Problem statement:
Without the pictures, give every record again exactly.

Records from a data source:
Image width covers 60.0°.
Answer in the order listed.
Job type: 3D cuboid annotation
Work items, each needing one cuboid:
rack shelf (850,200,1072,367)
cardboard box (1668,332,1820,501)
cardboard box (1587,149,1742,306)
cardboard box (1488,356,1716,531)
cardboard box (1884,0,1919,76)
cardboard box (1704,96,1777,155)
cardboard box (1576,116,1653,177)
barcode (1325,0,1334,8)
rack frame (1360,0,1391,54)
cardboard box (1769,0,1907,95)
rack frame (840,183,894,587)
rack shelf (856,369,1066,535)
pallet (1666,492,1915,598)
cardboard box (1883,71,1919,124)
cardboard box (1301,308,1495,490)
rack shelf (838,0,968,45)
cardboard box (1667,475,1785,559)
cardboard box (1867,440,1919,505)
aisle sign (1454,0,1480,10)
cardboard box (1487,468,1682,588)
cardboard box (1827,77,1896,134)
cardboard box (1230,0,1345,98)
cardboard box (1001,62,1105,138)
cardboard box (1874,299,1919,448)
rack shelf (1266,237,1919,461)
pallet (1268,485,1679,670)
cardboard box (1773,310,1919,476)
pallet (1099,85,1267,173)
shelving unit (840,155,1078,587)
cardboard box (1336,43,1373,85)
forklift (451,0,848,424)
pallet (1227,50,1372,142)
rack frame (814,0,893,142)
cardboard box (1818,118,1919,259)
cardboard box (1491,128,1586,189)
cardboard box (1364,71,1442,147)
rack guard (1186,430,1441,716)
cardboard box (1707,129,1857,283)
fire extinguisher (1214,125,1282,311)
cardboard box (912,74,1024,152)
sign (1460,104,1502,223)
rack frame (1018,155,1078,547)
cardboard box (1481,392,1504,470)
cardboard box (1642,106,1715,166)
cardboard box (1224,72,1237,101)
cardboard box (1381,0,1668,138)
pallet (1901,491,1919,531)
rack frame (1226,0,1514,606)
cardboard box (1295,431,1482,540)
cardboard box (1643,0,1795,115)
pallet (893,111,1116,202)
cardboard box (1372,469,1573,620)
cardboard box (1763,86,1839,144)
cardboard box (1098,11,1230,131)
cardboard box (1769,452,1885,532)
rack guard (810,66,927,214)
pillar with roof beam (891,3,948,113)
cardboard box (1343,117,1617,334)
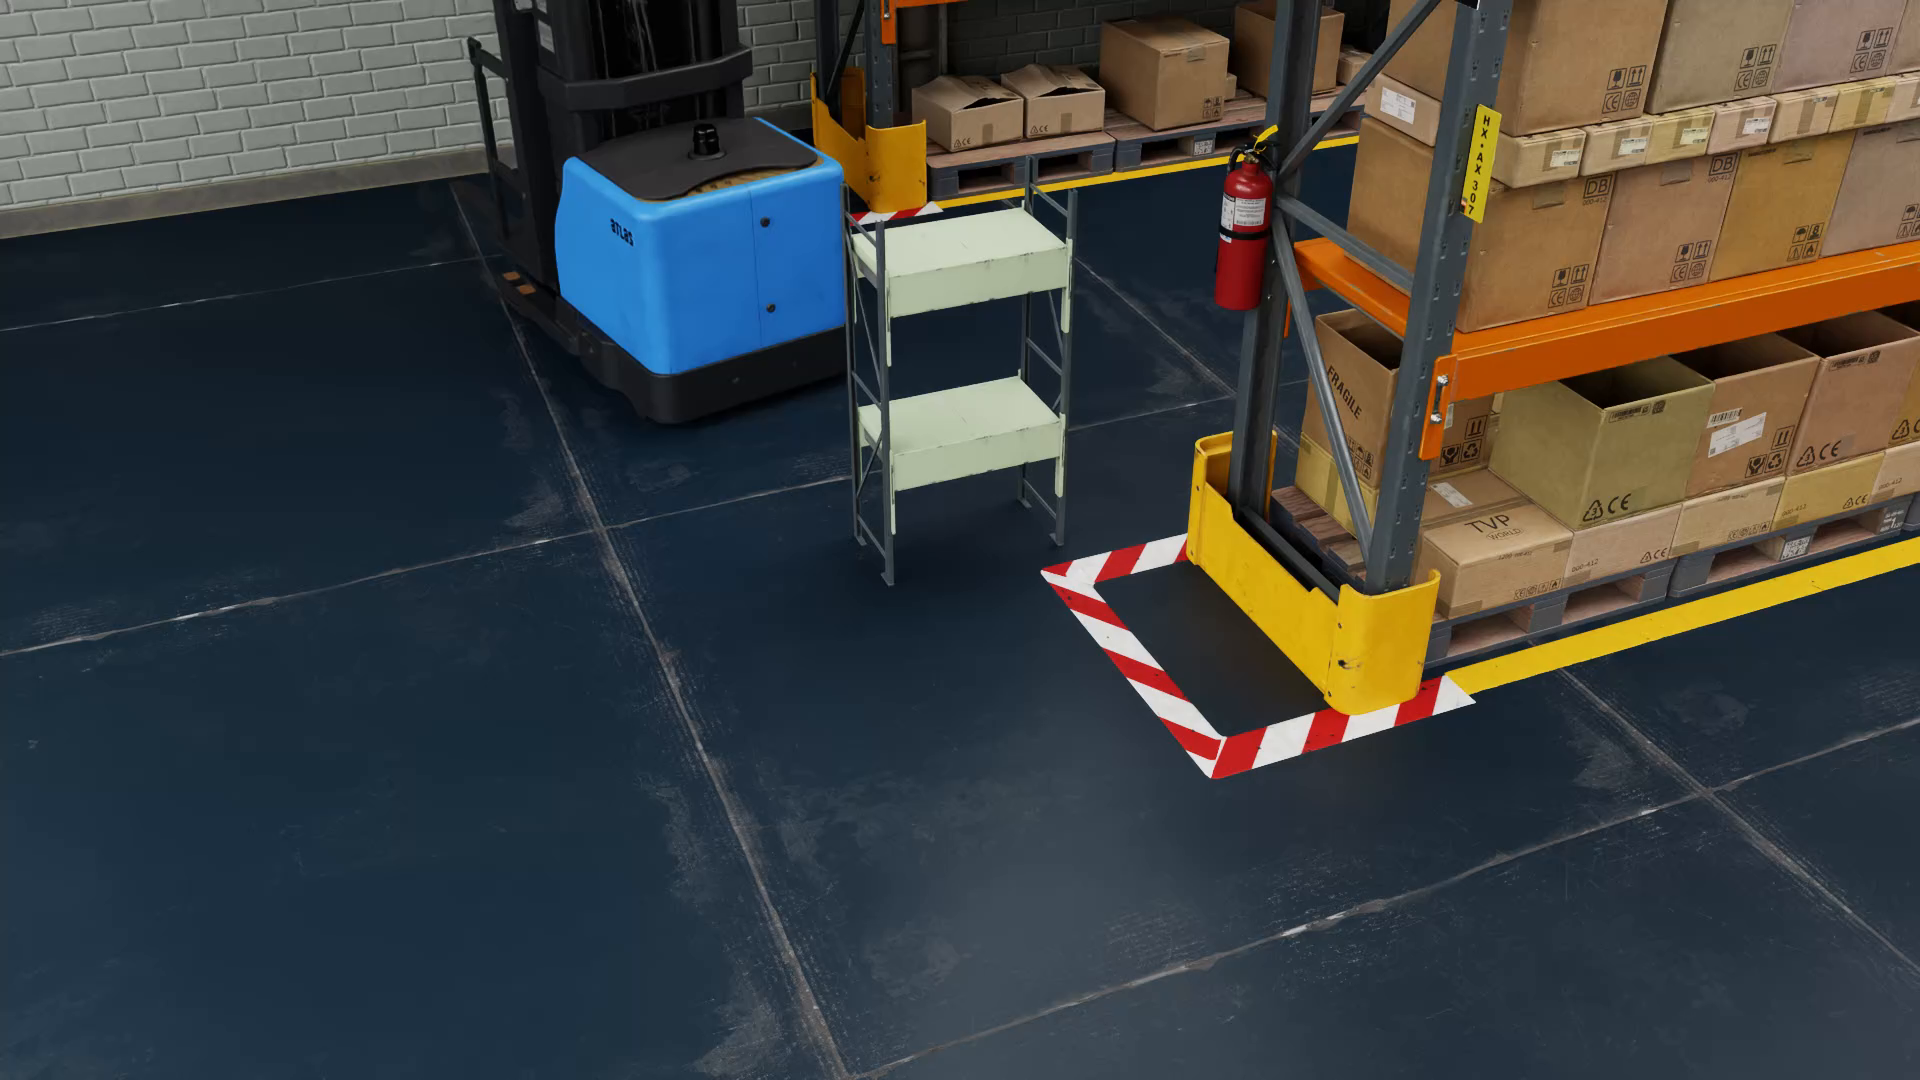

Solved problem:
Image width covers 60.0°.
Answer in the order listed.
Job type: 3D cuboid annotation
Work items, each needing one cuboid:
rack shelf (850,200,1072,367)
cardboard box (1668,332,1820,501)
cardboard box (1587,149,1742,306)
cardboard box (1488,356,1716,531)
cardboard box (1884,0,1919,76)
cardboard box (1704,96,1777,155)
cardboard box (1576,116,1653,177)
barcode (1325,0,1334,8)
rack frame (1360,0,1391,54)
cardboard box (1769,0,1907,95)
rack frame (840,183,894,587)
rack shelf (856,369,1066,535)
pallet (1666,492,1915,598)
cardboard box (1883,71,1919,124)
cardboard box (1301,308,1495,490)
rack shelf (838,0,968,45)
cardboard box (1667,475,1785,559)
cardboard box (1867,440,1919,505)
aisle sign (1454,0,1480,10)
cardboard box (1487,468,1682,588)
cardboard box (1827,77,1896,134)
cardboard box (1230,0,1345,98)
cardboard box (1001,62,1105,138)
cardboard box (1874,299,1919,448)
rack shelf (1266,237,1919,461)
pallet (1268,485,1679,670)
cardboard box (1773,310,1919,476)
pallet (1099,85,1267,173)
shelving unit (840,155,1078,587)
cardboard box (1336,43,1373,85)
forklift (451,0,848,424)
pallet (1227,50,1372,142)
rack frame (814,0,893,142)
cardboard box (1818,118,1919,259)
cardboard box (1491,128,1586,189)
cardboard box (1364,71,1442,147)
rack guard (1186,430,1441,716)
cardboard box (1707,129,1857,283)
fire extinguisher (1214,125,1282,311)
cardboard box (912,74,1024,152)
sign (1460,104,1502,223)
rack frame (1018,155,1078,547)
cardboard box (1481,392,1504,470)
cardboard box (1642,106,1715,166)
cardboard box (1224,72,1237,101)
cardboard box (1381,0,1668,138)
pallet (1901,491,1919,531)
rack frame (1226,0,1514,606)
cardboard box (1295,431,1482,540)
cardboard box (1643,0,1795,115)
pallet (893,111,1116,202)
cardboard box (1372,469,1573,620)
cardboard box (1763,86,1839,144)
cardboard box (1098,11,1230,131)
cardboard box (1769,452,1885,532)
rack guard (810,66,927,214)
pillar with roof beam (891,3,948,113)
cardboard box (1343,117,1617,334)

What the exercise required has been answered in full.